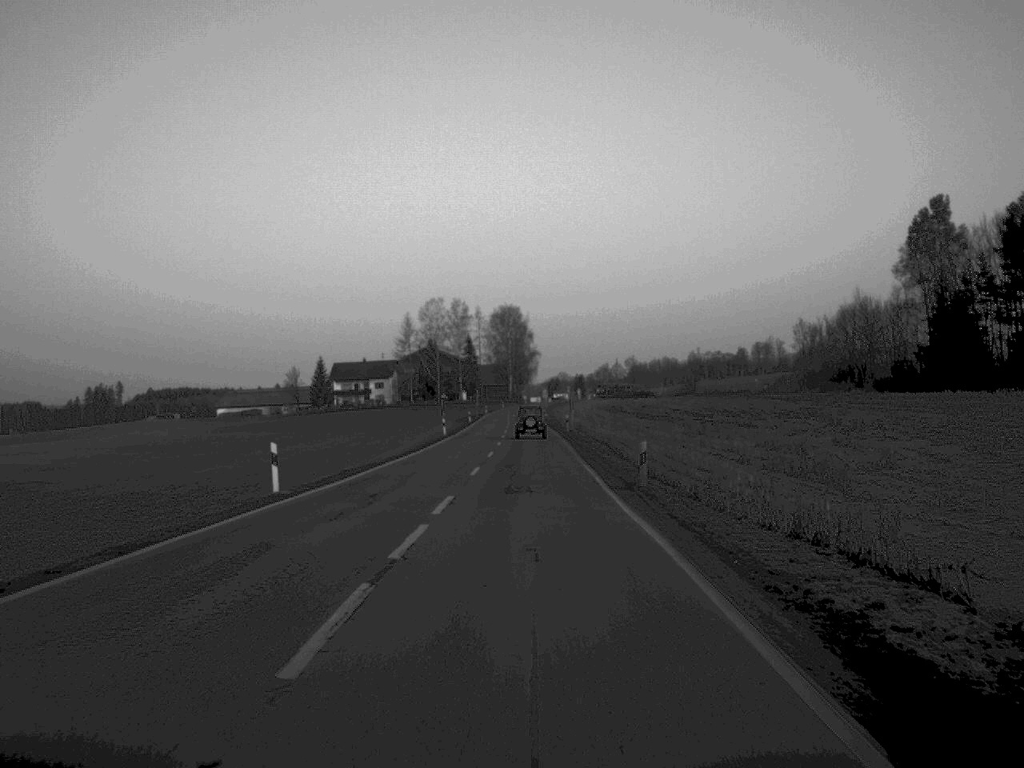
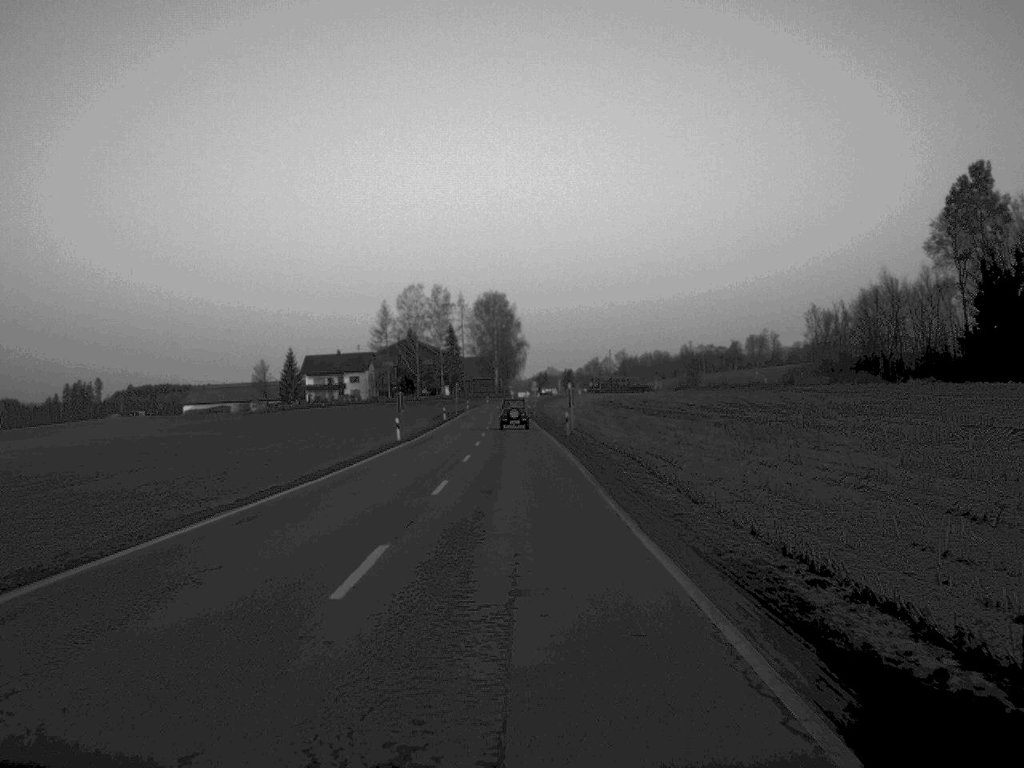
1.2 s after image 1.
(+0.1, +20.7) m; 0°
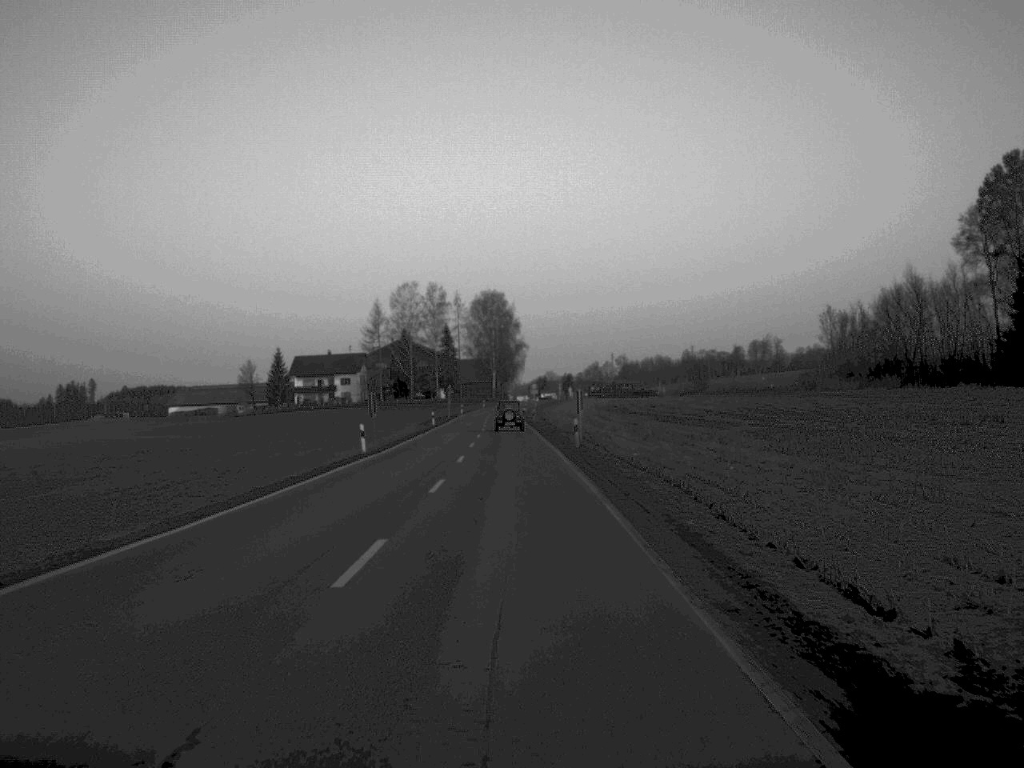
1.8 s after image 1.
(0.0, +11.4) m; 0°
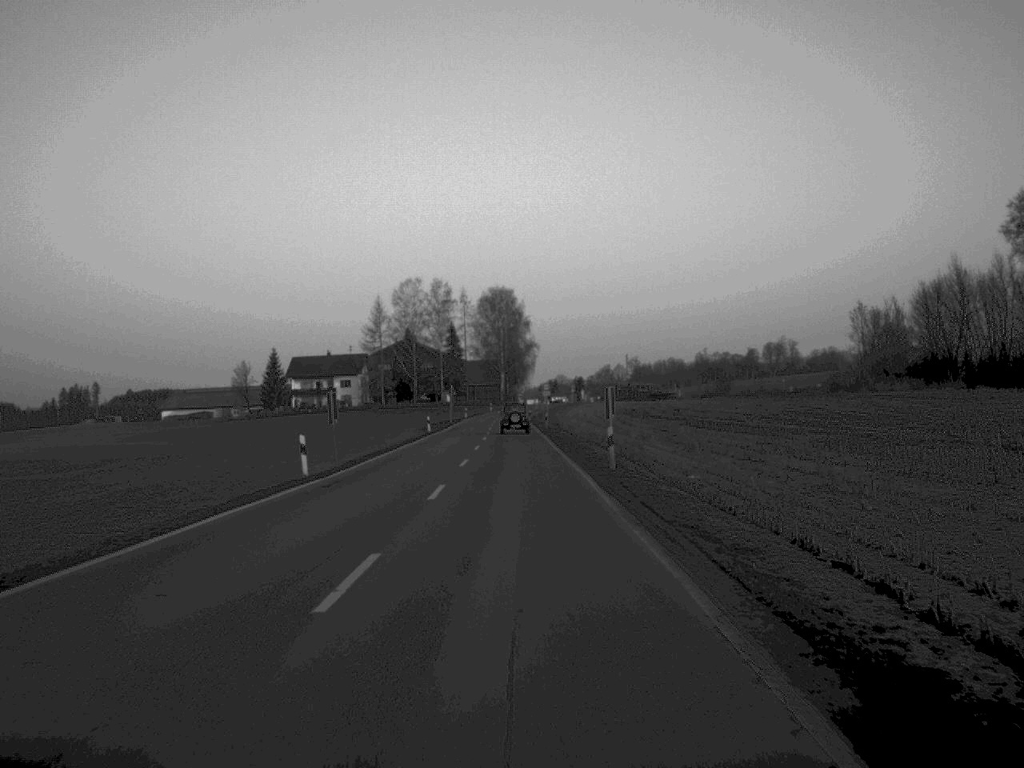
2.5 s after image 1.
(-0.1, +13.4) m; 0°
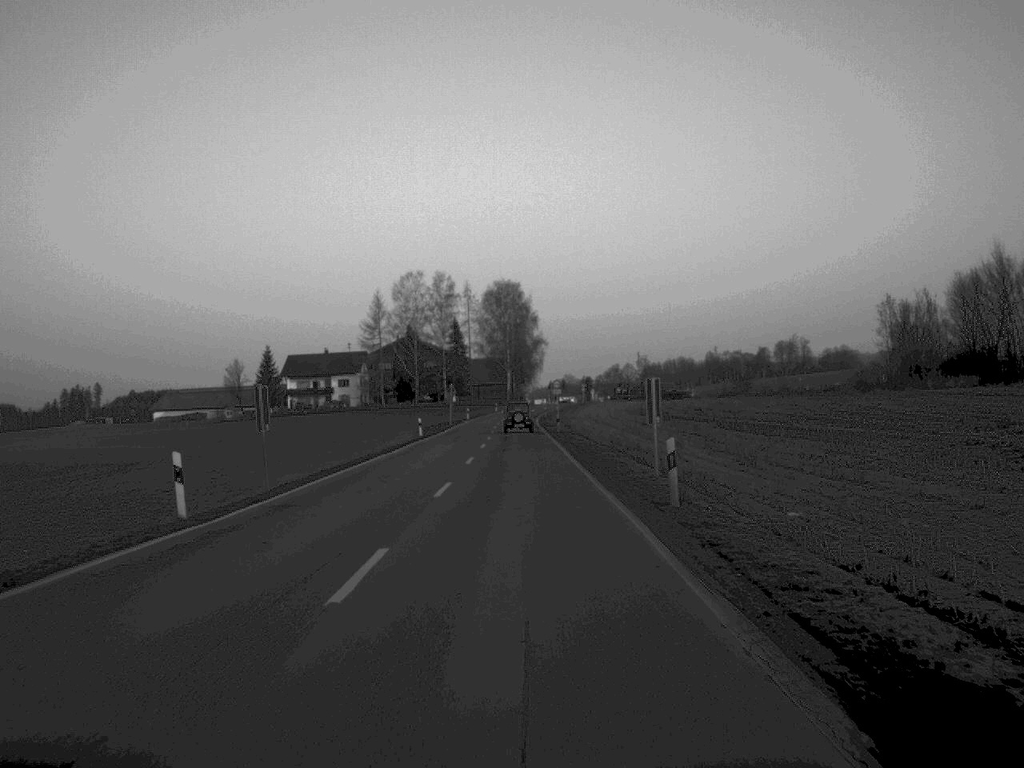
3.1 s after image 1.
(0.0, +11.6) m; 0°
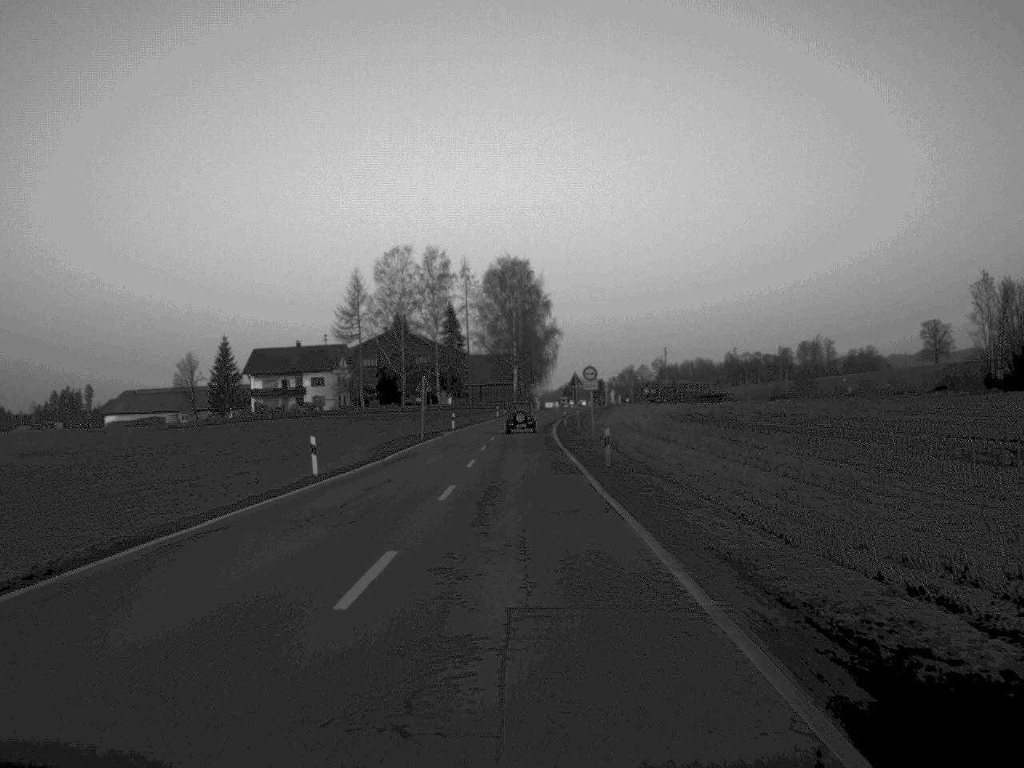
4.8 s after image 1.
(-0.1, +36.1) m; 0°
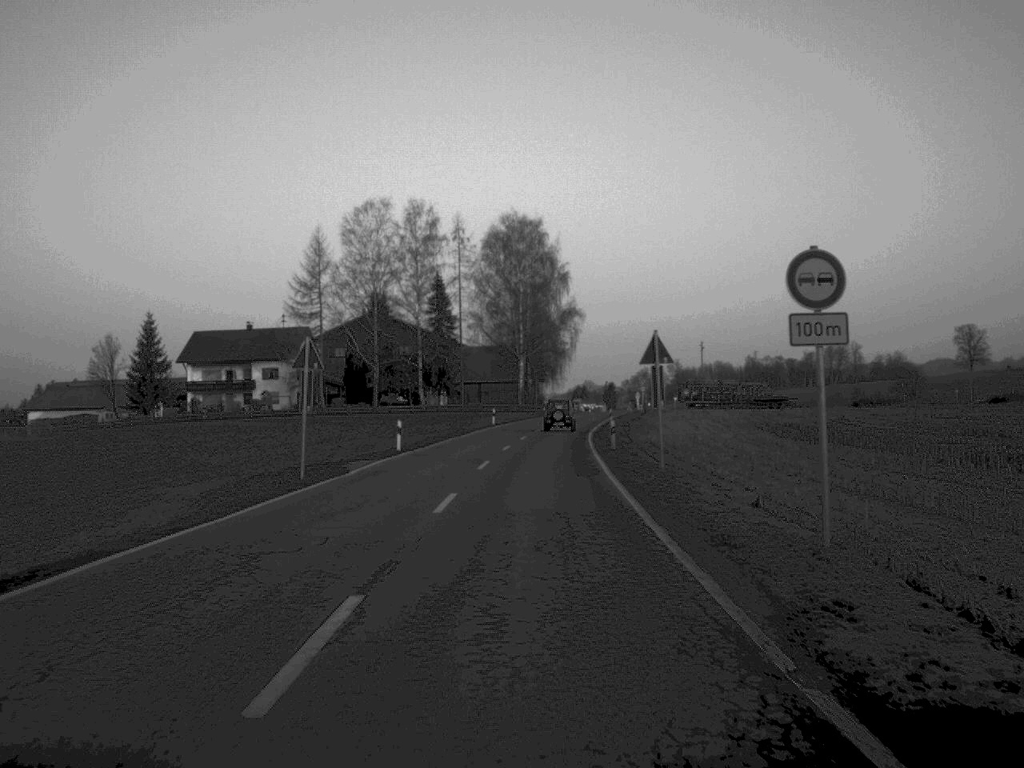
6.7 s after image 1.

_ _ _ _

What to produce.
Transcribe every entry above exactly as it stands, but skip the images.

Solution.
1.2 s after image 1.
(+0.1, +20.7) m; 0°
1.8 s after image 1.
(0.0, +11.4) m; 0°
2.5 s after image 1.
(-0.1, +13.4) m; 0°
3.1 s after image 1.
(0.0, +11.6) m; 0°
4.8 s after image 1.
(-0.1, +36.1) m; 0°
6.7 s after image 1.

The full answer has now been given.